You can't stop him introducing her to kids. You need to do what's best for your dc which is be supportive. Including being supportive of any relationship they may have with his gf.

AllThingsServeTheBeam · 29/01/2022 20:49

[quote Flamingo49]@Mumshine101 the kids were 2 and 5. To all the people saying it's a weird thing to do, it wasn't. My ex and I both agreed it was a positive thing for both of us to meet new partners before they were introduced to the kids. Yes it wasn't the most fun hour of my life but I got to put a face to the name, we talked a bit about the kids, I saw that she was a normal person and I felt happy about her being introduced to the kids. All good really.[/quote]
Glad it worked out, but what happened if you didn't like her? The outcome would've been the same anyway I am assuming?

upupandawaytoday · 29/01/2022 20:50

I wish my ex waited a year!! Hell I would have been happy with 6 months but he waited mere weeks and even made them sleep in her flat on a sofa bed. He didn't tell me and it only came to light when the dc were coming home with flea bites (there's another story there!). it has resulted in lots of conflict, solicitors, consent orders and lots of heartache (not to mention cost) which would have been avoided if he had put the children first. It is only now he realises how wrong he was and only because he is planning to end it with her. It would have been a whole different story if he waited a year. It's quite courteous for him to tell you and quite sensible to wait as long as he has.

I get how your feeling I really do but from someone who has been through it, take a breath and step back. Your anger will only create more problems

LittleMissMoggy · 29/01/2022 20:53

OP.... Please don't be that mother/ex. For clarity you are being unbelievably unreasonable.
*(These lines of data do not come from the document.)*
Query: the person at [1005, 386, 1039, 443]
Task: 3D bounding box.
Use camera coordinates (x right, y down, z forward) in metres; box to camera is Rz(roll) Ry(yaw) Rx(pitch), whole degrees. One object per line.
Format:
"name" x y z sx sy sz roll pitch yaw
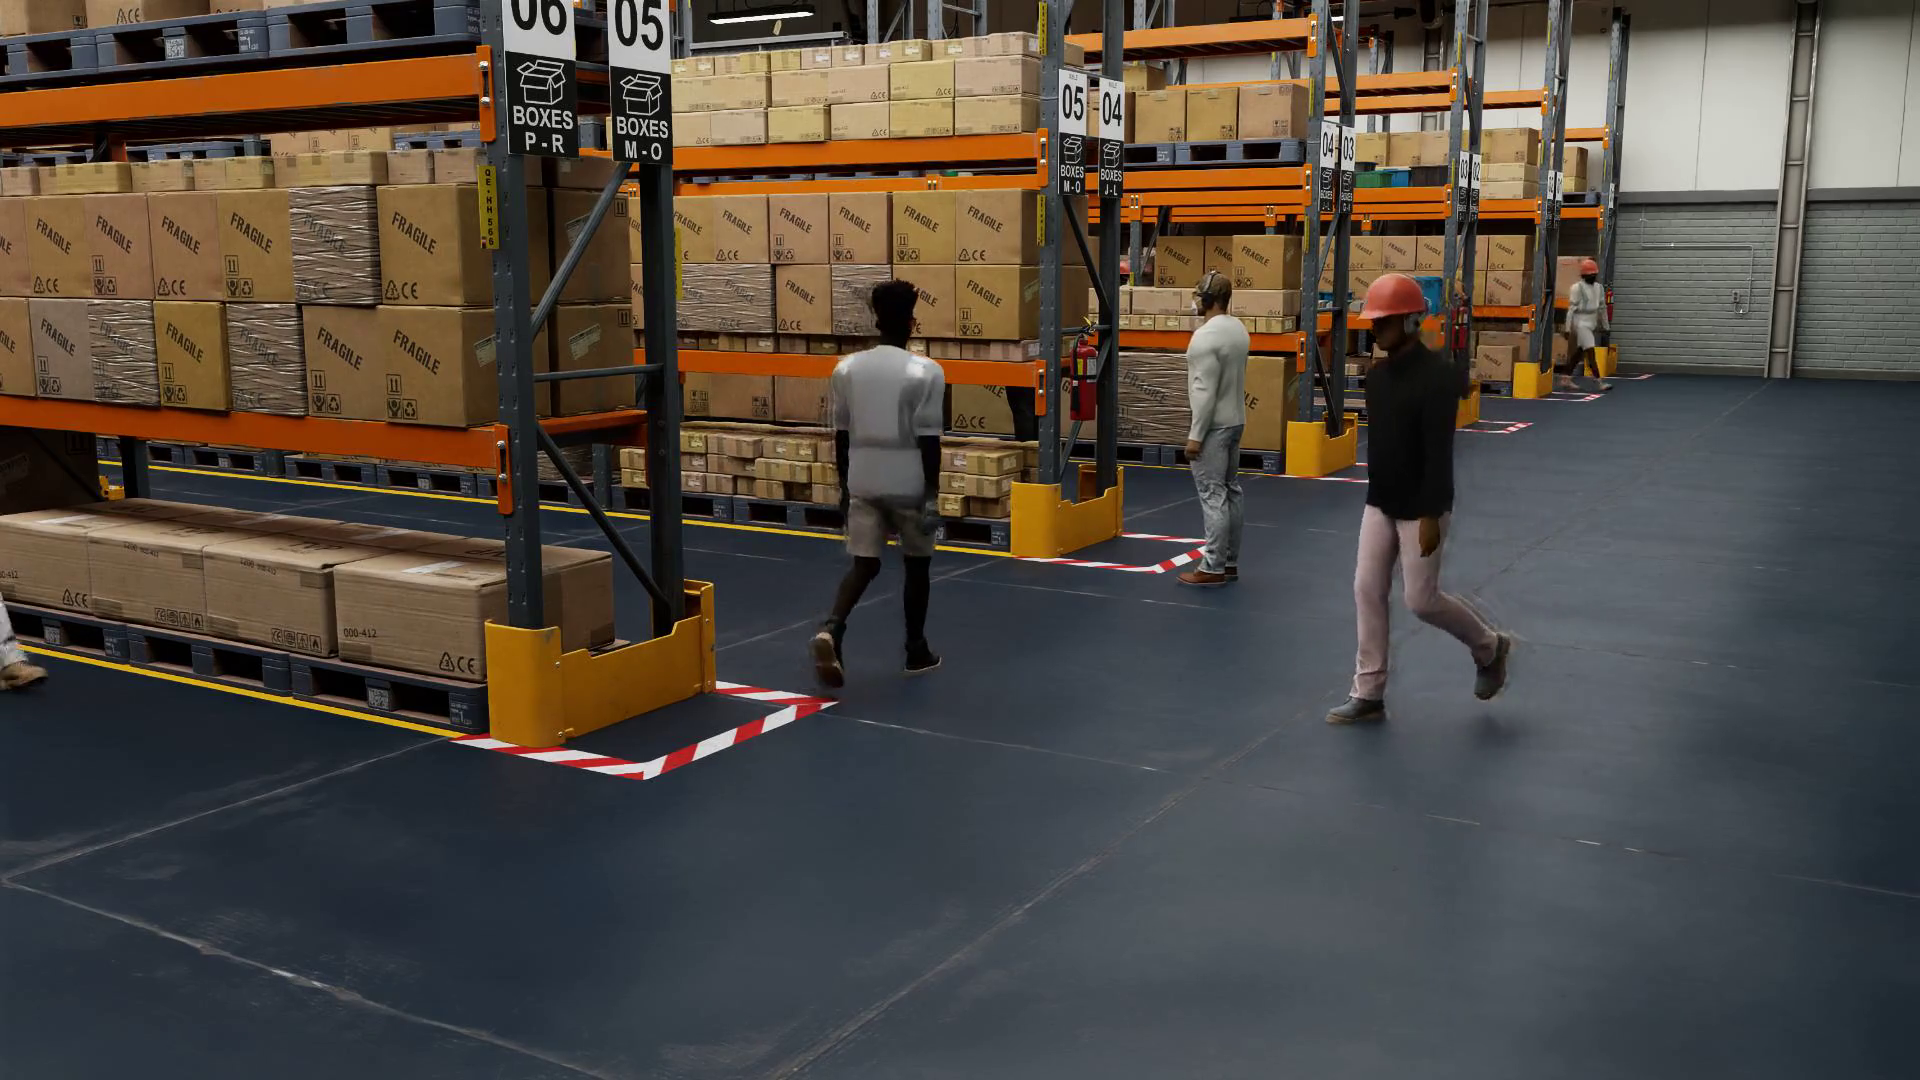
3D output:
"person" 0.562 -1.645 15.614 0.538 2.000 0.684 4 11 24

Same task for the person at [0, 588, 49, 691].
"person" -4.664 -0.162 7.615 0.916 1.800 0.622 5 11 27

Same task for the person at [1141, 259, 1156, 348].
"person" 2.822 -3.320 25.627 0.693 1.971 0.623 4 11 25

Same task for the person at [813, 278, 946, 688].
"person" -0.373 -0.259 7.820 0.610 1.938 0.835 5 11 27

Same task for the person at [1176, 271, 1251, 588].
"person" 1.560 -0.673 10.222 0.371 1.940 0.627 6 11 31

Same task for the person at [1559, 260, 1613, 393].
"person" 9.436 -3.192 24.897 0.743 1.970 0.956 -6 11 -32

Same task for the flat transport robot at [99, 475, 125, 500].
"flat transport robot" -7.510 -0.375 13.355 0.652 0.197 1.431 6 11 30

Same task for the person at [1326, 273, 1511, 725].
"person" 2.011 -0.171 7.229 0.797 1.964 0.618 -4 11 -24

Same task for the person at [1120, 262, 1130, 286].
"person" 2.306 -2.976 23.709 0.373 1.939 0.545 9 13 41

TheFormidableMrsC · 29/01/2022 20:56

@Prinnny

You sound mental and beyond jealous. At least your children have one sensible parent, waiting a year to introduce a new partner shows your ex is being considerate of the kids.
Are you an OW? What a shit thing to say.
harrystylestaylorswift · 29/01/2022 20:58

Do they want to meet her?

KurtWilde · 29/01/2022 20:58

What you don't want is your children having to meet their fathers new partner when she's already living with them.

Which is the situation with my exh, who moved his girlfriend in at the start of lockdown 2020 having known her a fortnight. I kid you not.